Relevance for input component $i$ of layer $l-1$ is then:

$\mathcal{R}_i^{(l-1)} = a_i^{(l-1)} \cdot \rho_i$

LRP’s local propagation rules can be customized for relevance conservation, zero constraints, or other interpretability desiderata. These coefficients allow RelP to sidestep gradient pathologies, yielding faithful component-level attribution in both linear and non-linear regions.

3. Computational Efficiency and Practical Implementation

RelP requires only two forward passes (original and patched inputs) and a single backward pass for relevance propagation, matching the computational profile of attribution patching. This efficiency—contrasted with the repeated intervention sweeps required for activation patching and the integration steps demanded by methods such as Integrated Gradients (IG)—makes RelP tractable even for high-dimensional settings and large model families. Implementation can reuse frameworks supporting LRP, and is compatible with standard auto-differentiation and vectorization approaches.

4. Faithfulness and Quantitative Validation

Experimental validation on the Indirect Object Identification (IOI) task demonstrates consistently high faithfulness. In GPT-2 Large, RelP attains Pearson correlation of 0.956 for MLP outputs, and similarly high values for other challenging components, while attribution patching is near-zero (Jafari et al., 28 Aug 2025). RelP additionally matches the faithfulness of Integrated Gradients in sparse feature circuit discovery, but does so with considerably lower computational expense. Qualitative results confirm reliability across non-linear modules such as the residual stream and MLPs, where attribution patching suffers due to non-linearity and activation magnitude variance introduced by LayerNorm.

Method	MLP Output Correlation (GPT-2 Large)	Computational Cost
Activation patching	Baseline (Ground Truth)	Dozens/hundreds sweeps
Attribution patching	0.006	2× fwd, 1× bwd
RelP	0.956	2× fwd, 1× bwd
IG	Comparable to RelP	Multiple integrations

Faithfulness here refers to how closely each method’s component-level impact scores match those from “ground truth” activation patching.

5. Applications to Circuit Discovery and Model Debugging

RelP is applicable wherever internal causal circuit discovery is required, particularly for mechanistic investigation in large-scale LLMs. Examples include:

• Identifying and visualizing sparse feature circuits governing behaviors such as subject–verb agreement, IOI, or other semantic dependencies.
• Localizing critical heads, MLPs, or neurons for tasks, facilitating targeted pruning, interpretation, or fine-grained editing.
• Debugging models by mapping causal flow and pinpointing “faulty” or spurious components responsible for undesirable outputs.

RelP’s reliability in deep non-linear transformer modules suggests direct utility in research settings scaling to models like Pythia, Qwen2, or Gemma2 (Jafari et al., 28 Aug 2025).

6. Implications for Interpretability Research

RelP’s integration of LRP principles into the patching paradigm represents an advance in balancing efficiency and faithfulness. Models analyzed via RelP yield interpretable causal maps at component resolution, informing both scientific understanding and downstream engineering—e.g., for safe model deployment, robust policy behavior, or regulatory compliance. A plausible implication is that RelP will supplant attribution patching in settings prioritizing high correlation to ground truth, especially with increasingly deep and non-linear architectures.

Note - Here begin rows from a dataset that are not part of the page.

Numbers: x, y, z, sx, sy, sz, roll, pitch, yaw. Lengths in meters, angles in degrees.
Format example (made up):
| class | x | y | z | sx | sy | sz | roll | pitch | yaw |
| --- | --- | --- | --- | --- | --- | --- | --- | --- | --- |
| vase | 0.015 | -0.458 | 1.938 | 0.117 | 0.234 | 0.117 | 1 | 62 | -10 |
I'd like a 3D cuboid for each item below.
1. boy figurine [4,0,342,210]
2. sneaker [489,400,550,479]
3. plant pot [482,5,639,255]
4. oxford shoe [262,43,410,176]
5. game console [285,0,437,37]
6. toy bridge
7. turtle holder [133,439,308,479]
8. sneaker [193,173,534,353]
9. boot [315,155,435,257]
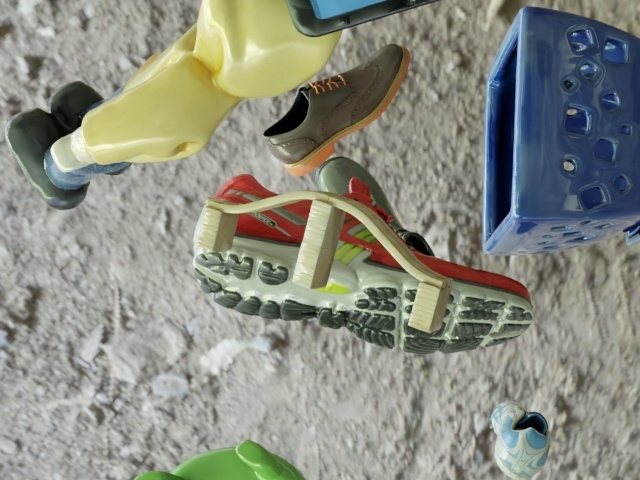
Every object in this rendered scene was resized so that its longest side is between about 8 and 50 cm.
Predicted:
| class | x | y | z | sx | sy | sz | roll | pitch | yaw |
| --- | --- | --- | --- | --- | --- | --- | --- | --- | --- |
| boy figurine | -0.102 | -0.101 | 0.747 | 0.177 | 0.285 | 0.092 | -43 | 103 | -40 |
| sneaker | 0.300 | 0.280 | 1.664 | 0.085 | 0.237 | 0.086 | 40 | 101 | 0 |
| plant pot | 0.302 | -0.109 | 1.268 | 0.212 | 0.236 | 0.236 | 2 | 80 | 0 |
| oxford shoe | 0.027 | -0.222 | 1.788 | 0.271 | 0.098 | 0.097 | -45 | 35 | 2 |
| game console | 0.023 | -0.154 | 0.520 | 0.122 | 0.107 | 0.071 | -14 | 80 | 16 |
| toy bridge | 0.000 | 0.000 | 0.746 | 0.188 | 0.026 | 0.063 | 20 | 102 | 26 |
| turtle holder | -0.069 | 0.378 | 1.440 | 0.320 | 0.227 | 0.243 | -33 | 56 | 5 |
| sneaker | 0.041 | 0.008 | 0.903 | 0.279 | 0.107 | 0.118 | 15 | 58 | -5 |
| boot | 0.098 | -0.010 | 1.534 | 0.083 | 0.161 | 0.246 | -37 | 103 | -13 |

7. Limitations and Future Directions

While RelP is tested on LLMs and tasks such as IOI, broader validation in other modalities, network architectures, and adversarial settings remains an open avenue. LRP propagation rules may need further customization for particular circuit topologies or regularization objectives. This suggests future work could refine propagation rules, extend RelP to multimodal models, and automate the identification of optimal patching locations for large architectures.

RelP is thus a methodologically rigorous, computationally tractable, and experimentally validated approach for circuit discovery and analysis in neural networks, directly advancing mechanistic interpretability of complex AI systems.